Question

Two identical small current carrying loops of wire are oriented along a common axis with the plane of their loops parallel to each other. See Figure EC. The distance between the loops, x, is much larger than the radius of each loop, R. The magnetic dipole moment of each loop is directed parallel to the axis, and the magnetic field that one loop creates at the center of the other loop is also parallel to the axis. So mu^rightarrow and B^rightarrow are parallel to each other. Therefore the magnetic potential energy of the system can be written: U_B = -mu^rightarrow middot B^rightarrow = -muB. Note that B is a function of x, the distance between the 2 loops. Lastly, the magnitude of the magnetic force that each loop exerts on the other one can be found in the following way: |F| = |dU/dx| = |mu|dB\dx What is the value (magnitude) of the magnetic dipole moment of a single loop of wire with radius R that carries a current I? Find the magnitude of the magnetic field created by the current in one loop at the center point of the other loop. (Find B in terms of I, x, R and known constants). Use the formula given above to find the magnitude of the magnetic force of one loop on the other loop.
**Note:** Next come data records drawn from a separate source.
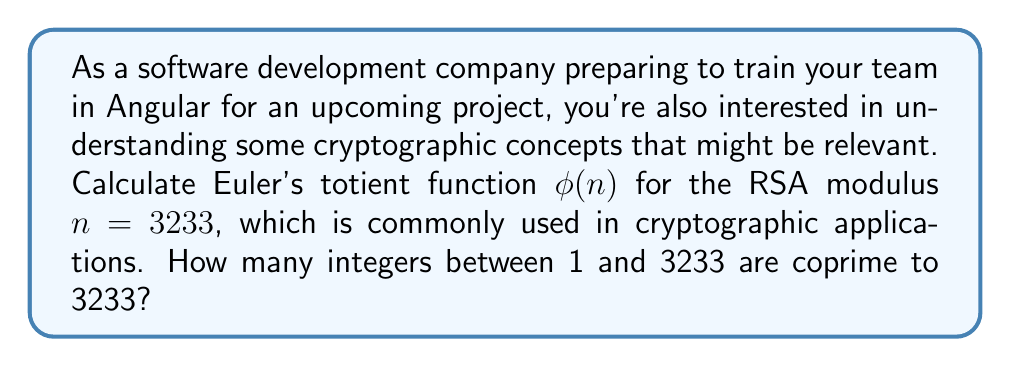Can you answer this question? To calculate Euler's totient function $\phi(n)$ for $n = 3233$, we'll follow these steps:

1) First, we need to factor 3233 into its prime factors:
   $3233 = 61 \times 53$

2) For a number $n$ that is a product of two distinct primes $p$ and $q$, Euler's totient function is given by:
   $\phi(n) = \phi(pq) = (p-1)(q-1)$

3) In this case:
   $p = 61$ and $q = 53$

4) Now we can calculate:
   $\phi(3233) = (61-1)(53-1)$
   $           = 60 \times 52$
   $           = 3120$

The result, 3120, represents the count of integers between 1 and 3233 that are coprime to 3233.

This calculation is crucial in RSA cryptography, where $\phi(n)$ is used to generate the public and private keys. Understanding this concept can help developers implement secure communication features in Angular applications.
Answer: $\phi(3233) = 3120$ 
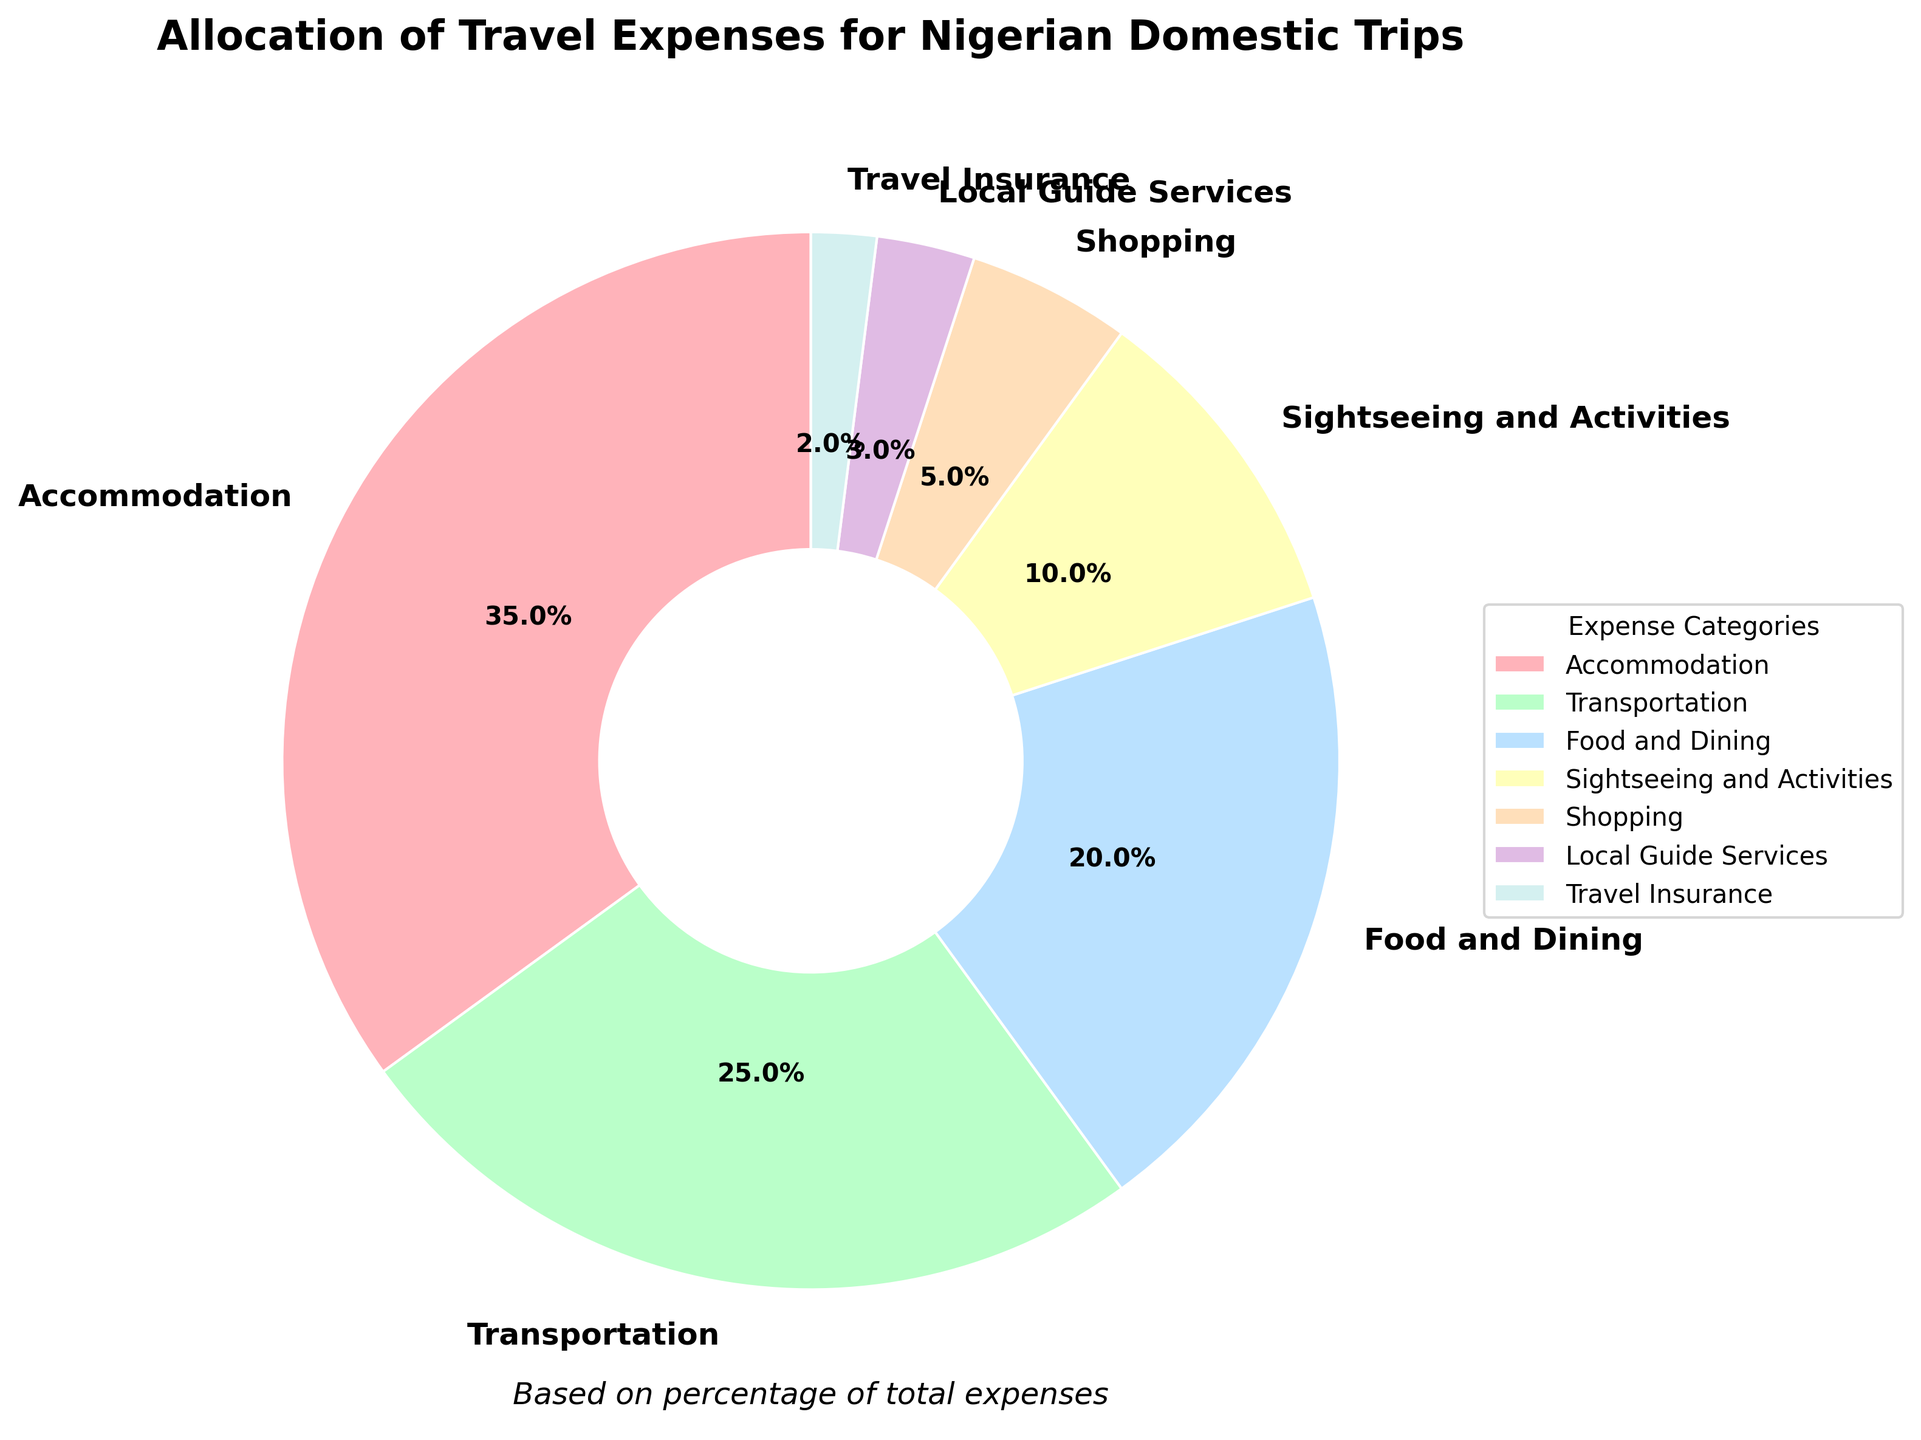What's the largest expense category for Nigerian domestic trips? The largest expense category can be identified based on the largest segment in the pie chart. The category with the highest percentage is Accommodation, which occupies 35% of the total expenses.
Answer: Accommodation What is the total percentage of expenses for Transportation and Food and Dining combined? To find the total percentage for Transportation and Food and Dining, add the percentages of both categories. Transportation is 25% and Food and Dining is 20%. Therefore, the total is 25% + 20% = 45%.
Answer: 45% Which category has a smaller percentage: Shopping or Local Guide Services? By comparing the percentages for Shopping and Local Guide Services from the pie chart, Shopping has 5% and Local Guide Services has 3%. Therefore, Local Guide Services is smaller.
Answer: Local Guide Services How much more is spent on Sightseeing and Activities compared to Travel Insurance? To determine the difference in spending between Sightseeing and Activities and Travel Insurance, subtract the percentage of Travel Insurance from Sightseeing and Activities. Sightseeing and Activities is 10%, and Travel Insurance is 2%, so the difference is 10% - 2% = 8%.
Answer: 8% If expenses for Accommodation were reduced by 10%, what would be the new percentage? First, calculate 10% of the Accommodation expense, which is 10% of 35% (0.10 * 35 = 3.5). Then subtract that from the original percentage: 35% - 3.5% = 31.5%.
Answer: 31.5% What is the combined percentage of the three smallest categories? First, identify the three smallest categories: Travel Insurance (2%), Local Guide Services (3%), and Shopping (5%). Add these percentages together: 2% + 3% + 5% = 10%.
Answer: 10% Which category is represented by the pinkish wedge in the chart? The pinkish wedge in the chart represents the Accommodation category. As the largest segment, it is typically displayed prominently in the pie chart.
Answer: Accommodation Is the percentage spent on Shopping greater than the sum of Local Guide Services and Travel Insurance? Calculate the sum of Local Guide Services and Travel Insurance: 3% + 2% = 5%. The percentage for Shopping is also 5%. Thus, the percentage spent on Shopping is equal to the sum of Local Guide Services and Travel Insurance.
Answer: No

Show that if x NestedGreaterGreater R, then this force is proportional to 1/x^4. Evaluate this force for x = 15.0 cm, R = 0.4 cm, and I = 8.0 A. (Each loop has the same current.)

Answer 1

a) By definition: $\mu =IA=I\cdot \pi R^{2}$ (it is a vector, but here is the formula for its modulus)

b) $B=\frac{\mu _{0}R^{2}I}{2\left ( x^{2} +R^{2}\right )^{3/2}}$ (there is a deduction; ife necessary, I'll give it here)

$\mu _{0}$ =permitivity of vacuum

c) Use the formula for F given in the text, and get:

$\left | F \right |=\frac{3\pi \mu _{0}R^{4}I}{2}\cdot \frac{x\sqrt{x^{2}+R^{2}}}{\left ( x^{2} +R^{2}\right )^{3}}\: \left ( 1 \right )$

d) Extract x2 from the radical at numerator, and x2 - forced factor from denominator. We'll get:

$\left | F \right |=\frac{3\pi \mu _{0}R^{4}I}{2}\cdot \frac{x^{2}\sqrt{1+\frac{R^{2}}{x^{2}} }}{\left [x^{2} \left ( 1+\frac{R^{2}}{x^{2}} \right )\right ]^{3}}\sim \frac{1}{x^{4}}$

[the radical from the numerator=1; the small bracket from the denominator=1]

d) Replace the numbers in (1) and get: F~2.3914*10^-13 N.